The new system ain’t working because the people are ceasing to believe us. Not because they think we lied, like Harold Wilson, but because what we’re telling them now on asylum seekers, pensions, crime, improving services, defies the evidence of their own eyes, instincts and newspapers. They don’t believe it and are switching off.

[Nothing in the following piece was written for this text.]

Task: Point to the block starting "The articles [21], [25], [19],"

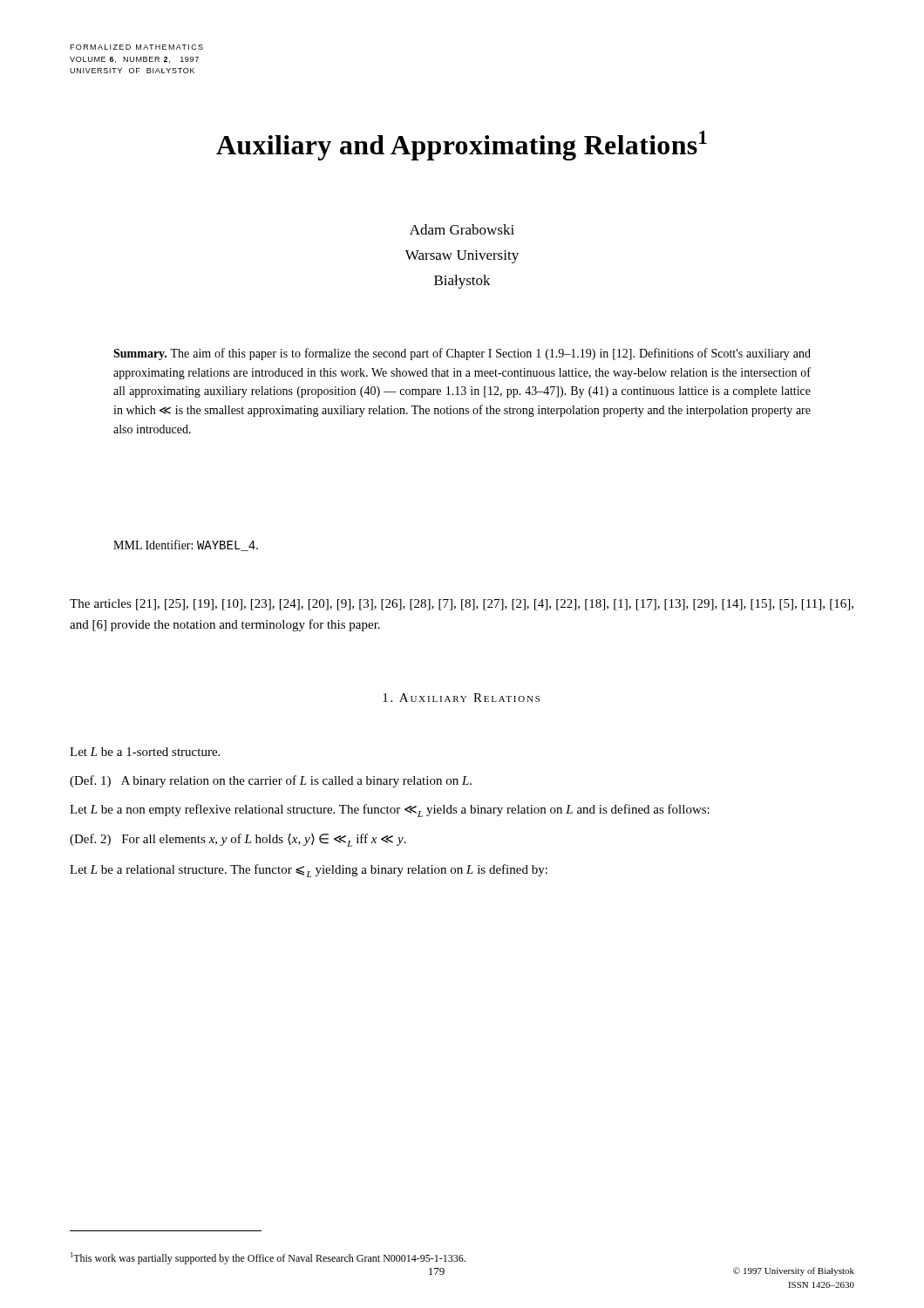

Minds are switching off all over Britain and prejudices taking over. So all the last minute concessions, like being nicer to pensioners to compensate for calling them geriatric racists, more police in rural areas, Peter Mandelson coming back to put things right, just look like weakness and do no good at all. Hopefully the Easter recess will re-energise Tony, me and the party.
***
Tuesday 11 April
Suddenly realise I should be dining with the Lord Chancellor to get my certificate as a trainee policeman. Arrive at the Attlee Room, late, sweating, panic-stricken and in my crumpled suit. Everyone is elegant in evening dress, medals and cummerbunds. Lord Irvine graciously tells me there’s no need to be on my knees to get my certificate.
Back to the chamber to deliver a rant in favour of the proposed new Regional Affairs Standing Committee. We should have had one years ago. Each region should have its own with the Yorkshire and Humberside Committee, our equivalent of the Scottish Grand Committee - the Reet Grand Committee. Margaret Beckett expresses her pleasure at hearing me speak in favour of the government. Tommy McAvoy beams. My rise to power has resumed. Particularly now that we’re going to be nicer to pensioners. Mitchell for Secretary of State for Geriatrics. Or Geriatric Secretary of State? Polish my Zimmer frame in readiness.
Wednesday 12 April
The Dog Star rages nay the fools be out. Plus the teachers, the Post Masters, the brain damaged children, the North Eastern ship yard workers. A frenzy of lobbying and placards which makes it look as though the Tories are still in power. They’re trundled in and out of my office in relays and offered a full cream tea service for which Nolan requires me to change. Being Old Labour I find myself agreeing with the lobbyists. Fortunately, Shona pops in to put me right.
Tuesday 13 April
To Grimsby for the Crosland Memorial Lecture given this year by David Blunkett. We fill the Town Hall, and disarm the teachers before admission and David rises to the occasion with a brilliant analysis of the social purposes of education. Questions are at a less exulted level, being about student grants, pressure on kids, reams of paperwork and the rest of it.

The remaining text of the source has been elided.